By The Times editorial board
December 3, 2013
Proficiat Postaliosa! If Harry Potter commemorative stamps can cast a solvency spell on the U.S. Postal Service, that's some magic we can get behind. Tradition-bound philatelists should back off from their complaints.
The stamps, depicting scenes from the movies based on J.K. Rowling's books, went on sale in late November despite vehement opposition from some serious stamp collectors, who objected that they were both un-American and crassly commercial. Michael Baadke, the editor of Linn's Stamp News, summarized the collectors' arguments when he wrote that Harry Potter postage was "dismissing significant established U.S. stamp traditions without explanation."
"These U.S. stamps picture living actors from other countries, something that is unprecedented," according to Baadke. "The films the stamps honor have little to do with American culture."

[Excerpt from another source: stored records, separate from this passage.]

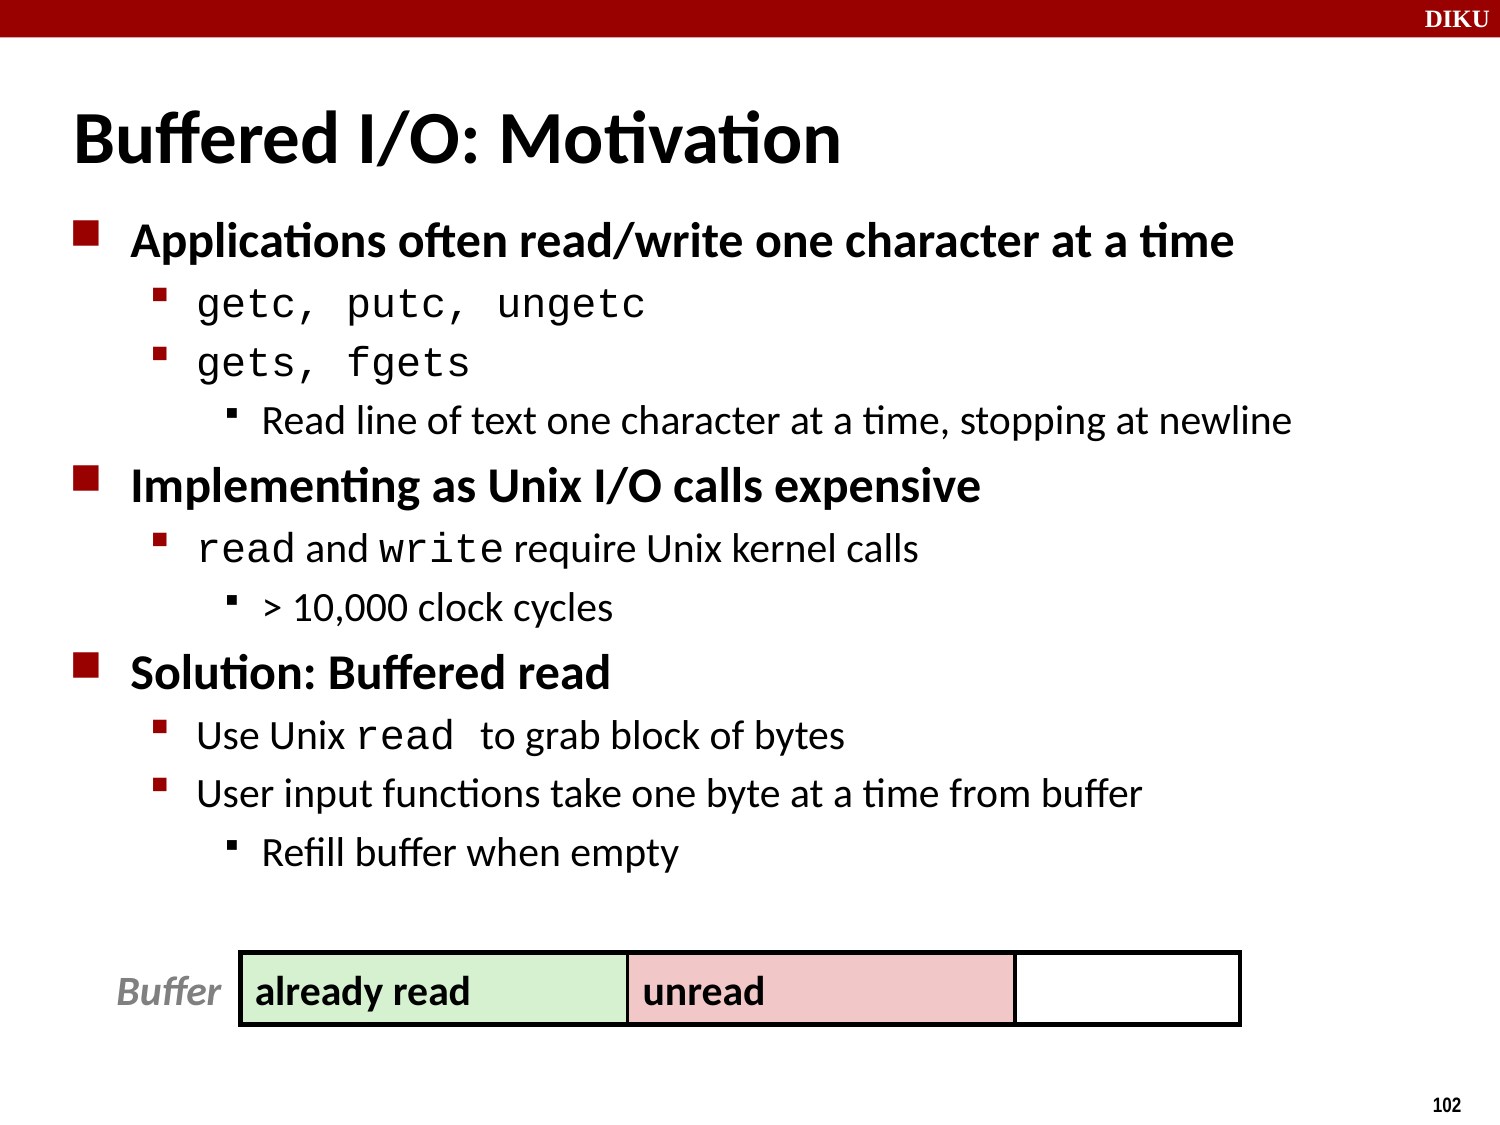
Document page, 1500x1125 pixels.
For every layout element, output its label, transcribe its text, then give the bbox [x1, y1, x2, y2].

text_box Buffered I/O: Motivation [58, 71, 1304, 197]
text_box Applications often read/write one character at a time getc, putc, ungetc gets, fgets Read line of text one character at a time, stopping at newline Implementing as Unix I/O calls expensive read and write require Unix kernel calls > 10,000 clock cycles Solution: Buffered read Use Unix read to grab block of bytes User input functions take one byte at a time from buffer Refill buffer when empty [59, 200, 1423, 913]
text_box unread [628, 955, 1015, 1022]
text_box already read [243, 955, 628, 1022]
text_box Buffer [101, 956, 237, 1022]
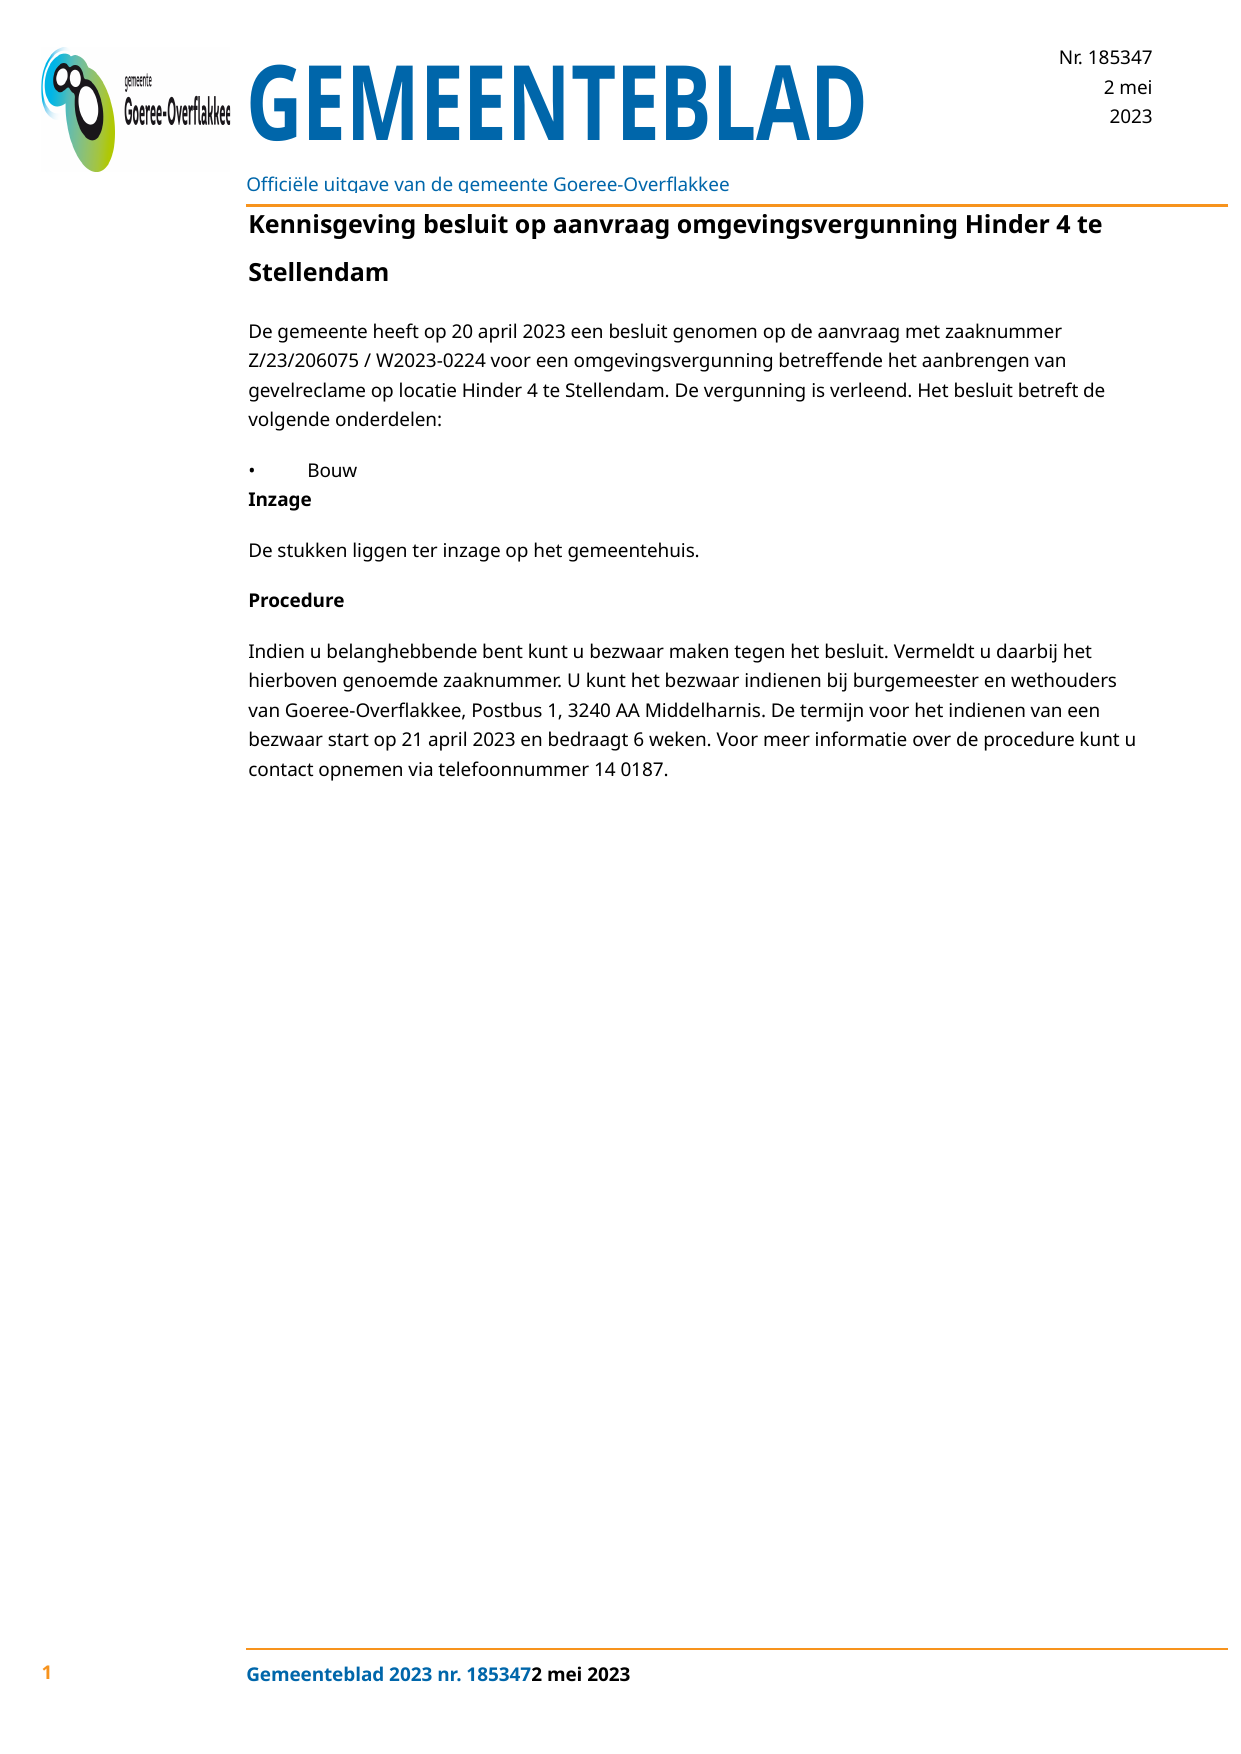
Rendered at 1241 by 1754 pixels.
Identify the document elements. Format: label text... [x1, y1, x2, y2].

text Inzage [248, 487, 1152, 512]
picture [41, 47, 231, 172]
text Kennisgeving besluit op aanvraag omgevingsvergunning Hinder 4 te Stellendam [248, 207, 1152, 288]
text Indien u belanghebbende bent kunt u bezwaar maken tegen het besluit. Vermeldt u daarbij het hierboven genoemde zaaknummer. U kunt het bezwaar indienen bij burgemeester en wethouders van Goeree-Overflakkee, Postbus 1, 3240 AA Middelharnis. De termijn voor het indienen van een bezwaar start op 21 april 2023 en bedraagt 6 weken. Voor meer informatie over de procedure kunt u contact opnemen via telefoonnummer 14 0187. [248, 638, 1152, 782]
text De stukken liggen ter inzage op het gemeentehuis. [248, 537, 1152, 563]
text De gemeente heeft op 20 april 2023 een besluit genomen op de aanvraag met zaaknummer Z/23/206075 / W2023-0224 voor een omgevingsvergunning betreffende het aanbrengen van gevelreclame op locatie Hinder 4 te Stellendam. De vergunning is verleend. Het besluit betreft de volgende onderdelen: [248, 318, 1152, 432]
list Bouw [248, 457, 1152, 483]
text Procedure [248, 587, 1152, 613]
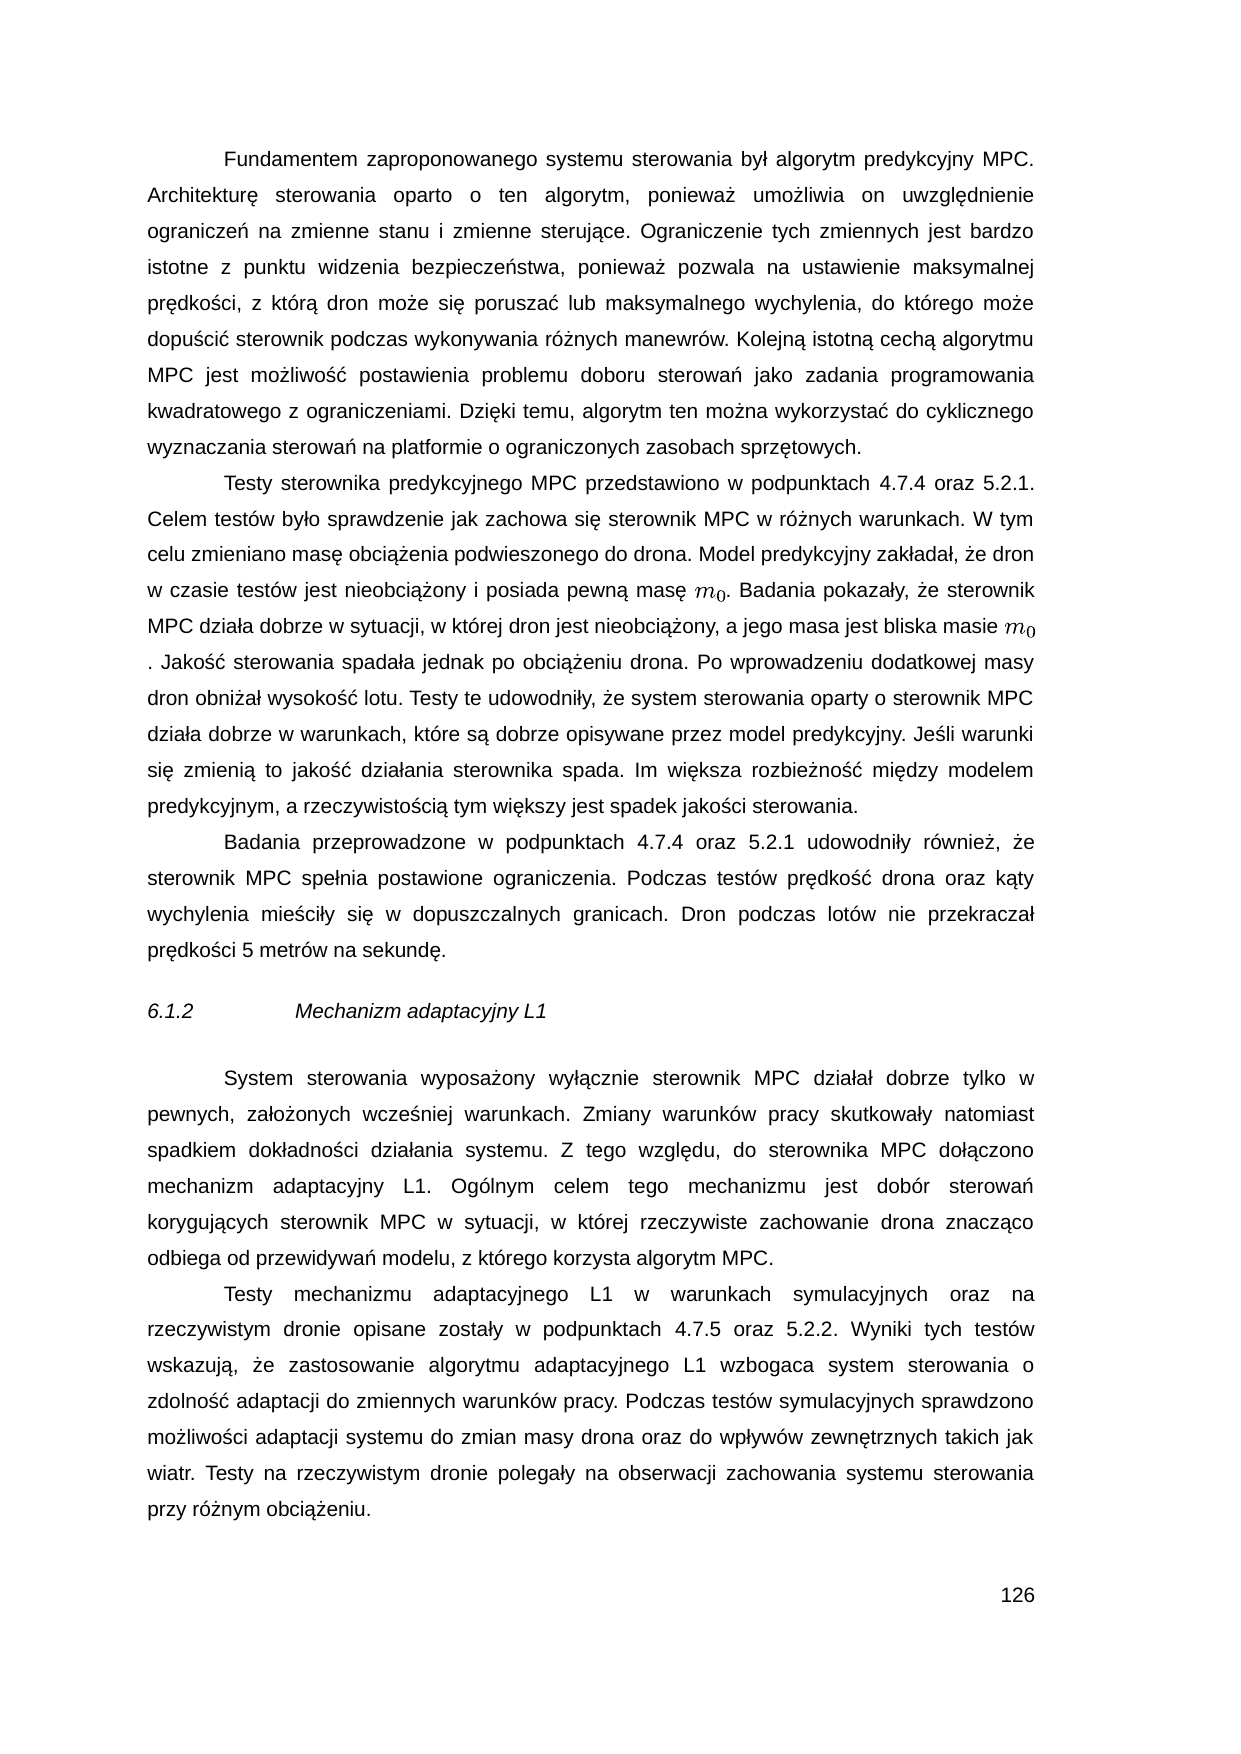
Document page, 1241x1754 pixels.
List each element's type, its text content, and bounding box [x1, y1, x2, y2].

text Badania przeprowadzone w podpunktach 4.7.4 oraz 5.2.1 udowodniły również, że sterownik MPC spełnia postawione ograniczenia. Podczas testów prędkość drona oraz kąty wychylenia mieściły się w dopuszczalnych granicach. Dron podczas lotów nie przekraczał prędkości 5 metrów na sekundę. [147, 830, 1035, 962]
text Fundamentem zaproponowanego systemu sterowania był algorytm predykcyjny MPC. Architekturę sterowania oparto o ten algorytm, ponieważ umożliwia on uwzględnienie ograniczeń na zmienne stanu i zmienne sterujące. Ograniczenie tych zmiennych jest bardzo istotne z punktu widzenia bezpieczeństwa, ponieważ pozwala na ustawienie maksymalnej prędkości, z którą dron może się poruszać lub maksymalnego wychylenia, do którego może dopuścić sterownik podczas wykonywania różnych manewrów. Kolejną istotną cechą algorytmu MPC jest możliwość postawienia problemu doboru sterowań jako zadania programowania kwadratowego z ograniczeniami. Dzięki temu, algorytm ten można wykorzystać do cyklicznego wyznaczania sterowań na platformie o ograniczonych zasobach sprzętowych. [147, 147, 1035, 458]
text System sterowania wyposażony wyłącznie sterownik MPC działał dobrze tylko w pewnych, założonych wcześniej warunkach. Zmiany warunków pracy skutkowały natomiast spadkiem dokładności działania systemu. Z tego względu, do sterownika MPC dołączono mechanizm adaptacyjny L1. Ogólnym celem tego mechanizmu jest dobór sterowań korygujących sterownik MPC w sytuacji, w której rzeczywiste zachowanie drona znacząco odbiega od przewidywań modelu, z którego korzysta algorytm MPC. [147, 1066, 1035, 1269]
text Testy mechanizmu adaptacyjnego L1 w warunkach symulacyjnych oraz na rzeczywistym dronie opisane zostały w podpunktach 4.7.5 oraz 5.2.2. Wyniki tych testów wskazują, że zastosowanie algorytmu adaptacyjnego L1 wzbogaca system sterowania o zdolność adaptacji do zmiennych warunków pracy. Podczas testów symulacyjnych sprawdzono możliwości adaptacji systemu do zmian masy drona oraz do wpływów zewnętrznych takich jak wiatr. Testy na rzeczywistym dronie polegały na obserwacji zachowania systemu sterowania przy różnym obciążeniu. [147, 1281, 1035, 1521]
text Testy sterownika predykcyjnego MPC przedstawiono w podpunktach 4.7.4 oraz 5.2.1. Celem testów było sprawdzenie jak zachowa się sterownik MPC w różnych warunkach. W tym celu zmieniano masę obciążenia podwieszonego do drona. Model predykcyjny zakładał, że dron w czasie testów jest nieobciążony i posiada pewną masę . Badania pokazały, że sterownik MPC działa dobrze w sytuacji, w której dron jest nieobciążony, a jego masa jest bliska masie . Jakość sterowania spadała jednak po obciążeniu drona. Po wprowadzeniu dodatkowej masy dron obniżał wysokość lotu. Testy te udowodniły, że system sterowania oparty o sterownik MPC działa dobrze w warunkach, które są dobrze opisywane przez model predykcyjny. Jeśli warunki się zmienią to jakość działania sterownika spada. Im większa rozbieżność między modelem predykcyjnym, a rzeczywistością tym większy jest spadek jakości sterowania. [147, 470, 1035, 818]
subtitle Mechanizm adaptacyjny L1 [147, 998, 1035, 1022]

The classicists say that the post office is placing quick profits above tradition, which has typically, though not always, called for stamps to feature the nation's government and cultural leaders, or events in U.S. history such as the first flight or statehood anniversaries.
Indeed, the Potter stamps combined all the ingredients guaranteed to upset traditionalists — commercial, photographic rather than artistic, and foreign to boot. Postal Service officials didn't even consult the Citizens' Stamp Advisory Committee — a panel formed more than 50 years ago to recommend stamp subjects that have culturally enduring value — probably in the full knowledge that they were writing a new installment of mail history that might best be titled "Harry Potter and the Philatelic Furor."
But the truth is that when it comes to American stamps, the definition of American culture has expanded dramatically in recent years to include muscle cars and Disney and "Simpsons" characters. In 2007, the intergalactic characters of "Star Wars" were emblazoned on a set of stamps.
Certainly, the new Harry Potter stamps are no more commercial than the Pixar movie commemoratives and no less American than the Beatles stamp of 1999 or the endangered species series of 1992, which included a panda, a giraffe and a Bengal tiger. And even in the dignified days of stiffly posed stamp portraits that looked as though they came straight from U.S. currency, Italian poet Dante Alighieri, who wrote "The Divine Comedy" during the Middle Ages, was honored with a stamp in 1965. In retrospect, traditionalists might see that as the first sign that the U.S. Postal Service was heading toward hell.
The goal of the Postal Service is clear: It hopes to conjure up some cash, to disapparate some of its red ink. In this era of its financial independence from government, that's a necessity, and there are worse ways to accomplish it than with a popular boy wizard, even one who isn't American.